To both alike the Lord will give a body of glory, "fashioned like unto His glorious body," a body which knows not, weakness or suffering or death—"a spiritual body."
You remember—do you not?—that a type is but a very small and faint picture of the real thing; yet, when you see a butterfly, and think of what it once was and what it has become, let it preach its little sermon to you; say to your own heart, "If that wonderful moment, which is so soon coming, were to come just now, should I be one of those who are Christ's at His coming? Would my body be changed and made like His glorious body? Should I 'be caught up together with them' (those who 'sleep in Jesus') 'in the clouds, to meet the Lord in the air,' and so be for ever 'with the Lord'?"

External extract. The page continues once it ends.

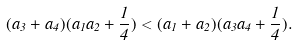Convert formula to latex. <formula><loc_0><loc_0><loc_500><loc_500>( a _ { 3 } + a _ { 4 } ) ( a _ { 1 } a _ { 2 } + \frac { 1 } { 4 } ) < ( a _ { 1 } + a _ { 2 } ) ( a _ { 3 } a _ { 4 } + \frac { 1 } { 4 } ) .</formula> 
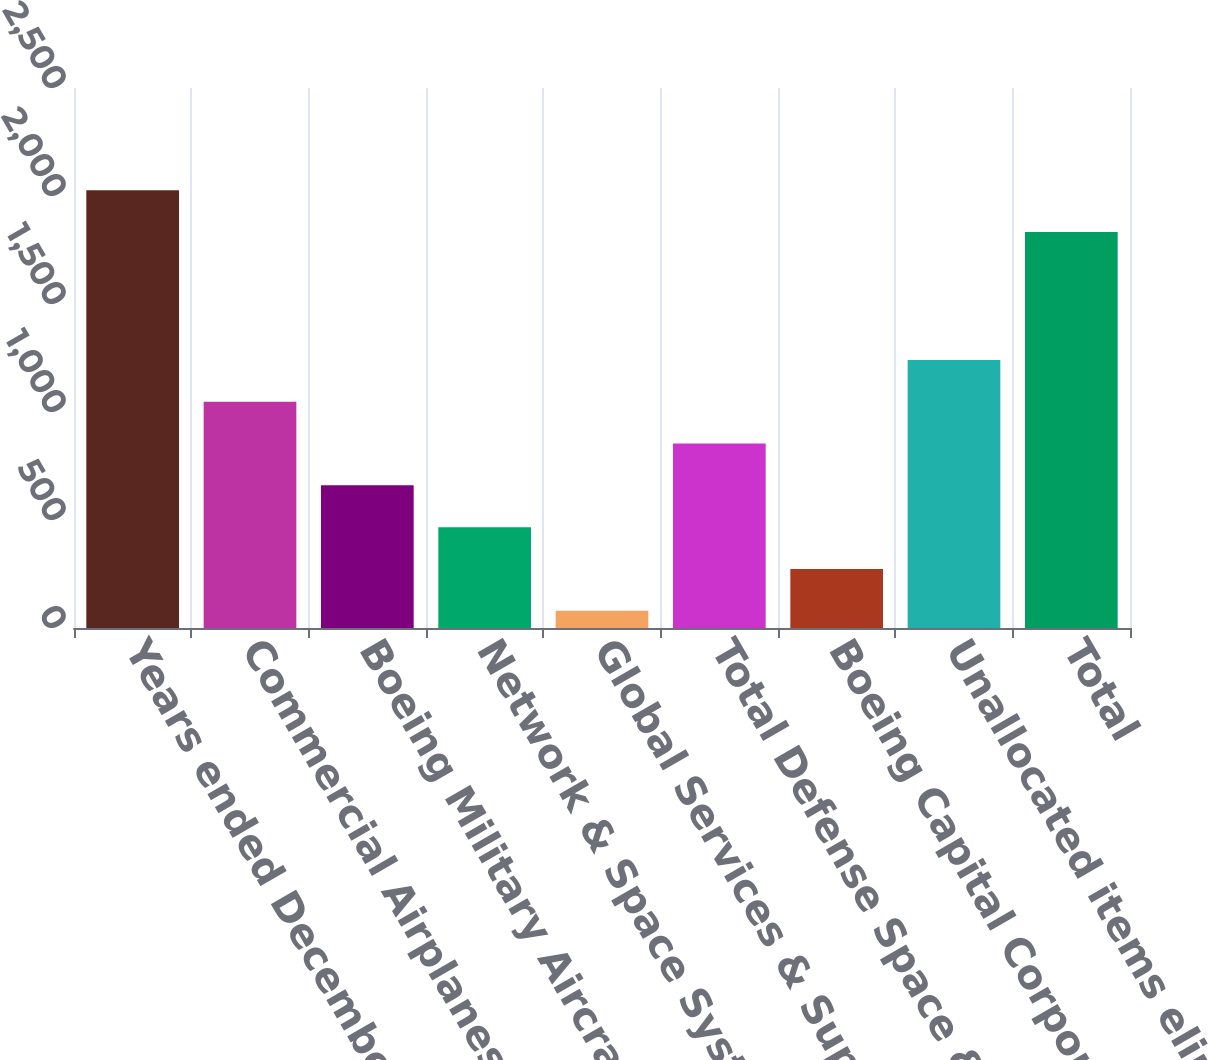Convert chart to OTSL. <chart><loc_0><loc_0><loc_500><loc_500><bar_chart><fcel>Years ended December 31<fcel>Commercial Airplanes<fcel>Boeing Military Aircraft<fcel>Network & Space Systems<fcel>Global Services & Support<fcel>Total Defense Space & Security<fcel>Boeing Capital Corporation<fcel>Unallocated items eliminations<fcel>Total<nl><fcel>2026.5<fcel>1047.5<fcel>660.5<fcel>467<fcel>80<fcel>854<fcel>273.5<fcel>1241<fcel>1833<nl></chart>

And now as we turn from the wonderful story of the butterfly, in which we may, as has been said, "see the resurrection painted before our eyes," to the busy little ants; let us see that it is the sluggards, the lazy persons, who are especially told to "consider" their ways. To do this we must visit them in their own home, which we shall find in some pine-wood, like the "pincushion-wood," or in some grassy thymy spot, covered with little green tufts. Each of these grassy hillocks is an ant nest, and if you look inside you will find that it contains a great many tiny rooms, connected by galleries. Some of the rooms are hollowed out below the surface of the earth; these are the cellars where the baby-ants are kept warm in cold weather, while in summer they are taken by their watchful nurses to the cool upper storeys.
Now I have read that every ant-city has its wary sentinel, to keep watch and ward, and give warning of the approach of the foe. And when he does give warning there is a great hurry-scurry in the town; young ants, whether in their larva or pupa stage, must be carried down to the cellars for safety, and all the provisions which have been collected and stored with so much care must also be removed to a secure hiding-place. But who is to accomplish all this?
If you notice carefully, you will see that it is a mistake to think of these insects as all of one kind, and you may have heard that they have been divided by those who have studied them, into three classes—males, females, and neuters.
It is about the neuters we will talk now, for these busy, unselfish little creatures do all that has to be done; the whole work of the ant-city is left to them. It is they who collect the food—and very clever hunters they are, carrying their prey, whether alive or dead, right home to the nest; it is they who build the nests with their chambers and galleries, and bring up the little ones. Yet these earnest little workers have no wings, and must toil along upon their feet, while the ladies and gentlemen lead much easier lives, and fly about at will.